Das ganze klingt jetzt weniger seriös und ich mache mir zum ersten Mal Gedanken, warum die Arbeitserlaubnis eigentlich nicht nötig ist. Folgendes wird mir erklärt: Die „company“ vertreibt Edelsteine aller Art. Sie sind seit 20 Jahren erfolgreich im Geschäft. Sie exportieren in die ganze Welt, vor allem nach Europa. Ein kleines Problem haben sie aber dabei und es schränkt sie ein, ihr Geschäft weiter auszubauen: Es darf angeblich nur eine gewisse Menge an Edelsteinen zollfrei exportiert werden. Danach fallen so hohe Zollgebühren an, dass sich das Geschäft kaum mehr lohnen würde. Sie möchten diese Gebühren also irgendwie umgehen. Klingt plausibel. An dieser Stelle kommen die Touristen ins Spiel. Jeder Tourist, fährt der Boss fort, darf eine gewisse Menge an Edelsteinen für den privaten Gebrauch, etwa als Geschenk, ausführen.

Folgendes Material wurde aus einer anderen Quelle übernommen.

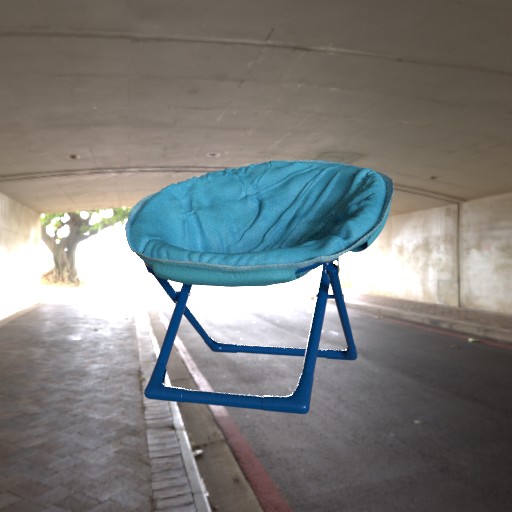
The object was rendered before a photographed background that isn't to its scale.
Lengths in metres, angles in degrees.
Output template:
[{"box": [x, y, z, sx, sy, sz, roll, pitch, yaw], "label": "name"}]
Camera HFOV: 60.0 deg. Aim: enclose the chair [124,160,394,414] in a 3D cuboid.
[{"box": [0.000, 0.000, 0.875, 0.520, 0.478, 0.465, 0, -1, 17], "label": "chair"}]
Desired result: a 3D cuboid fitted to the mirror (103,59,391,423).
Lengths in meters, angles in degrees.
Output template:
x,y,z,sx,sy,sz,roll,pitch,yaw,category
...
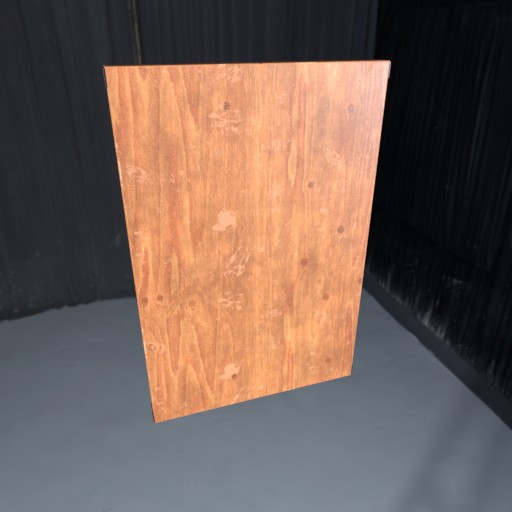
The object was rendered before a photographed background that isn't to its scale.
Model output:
x,y,z,sx,sy,sz,roll,pitch,yaw,category
0.000,0.000,0.949,0.517,0.761,0.053,-9,28,-16,mirror

Ich verstehe das Konzept im Großen und Ganzen bereits hier, lasse den Boss aber ausreden:
Hilft man der company als Tourist, den Zoll zu umgehen, bekommt man eine sehr gute Provision von mehreren tausend Euro. Kurz und bündig: Man muss also nichts weiter tun, als ein Paket mit Steinen in sein Heimatland zu schicken und hinterher zu fliegen. Dort wird dann das Paket zusammen mit einem Mitarbeiter der company, der einen dort empfängt, ausgelöst, ihm werden die Steine gegeben und die Provision wird abkassiert.
Das klingt super unkompliziert und lohnenswert. Ich frage mich aber, wo die bezahlten Hotels und das gute Essen abgeblieben sind. In diesem Moment stellt „Vicky“, die vierte anwesende Person, mehrere Schalen mit lecker duftendem Chickencurry, Reis und verschieden farbigen Soßen zu uns auf den Boden. Wir Essen zu viert, um eine Decke mit dem Essen kniend. Sie bringen mir bei, Indisch zu essen, nachdem sie mich eine Weile erfolglos nach Besteck ausschau halten sehen: Man reißt sich ein Stück Chapati (Fladenbrot) ab, greift damit den Reis und tunkt in die Soßen. Zunächst gewöhnungsbedürftig.
Der Boss hat bemerkt, wie berauscht ich bin und sie bieten mir ein Zimmer ihrer Wohnung an, wo ich mich erstmal ausruhen und alles nochmal überschlafen soll. Ja, das habe ich nötig, denn den Ortswechsel von der Goa-Party am Strand in dieses Haus zu den gastfreundlichen Geschäftsmännern habe ich noch nicht ganz nachvollzogen. Ich lasse mich ins Schlafzimmer führen, wundere mich noch kurz, wie schnell man in eine neue Sache verwickelt sein kann, stelle dann aber bald die Gedanken ab und falle in einen tiefen Schlaf.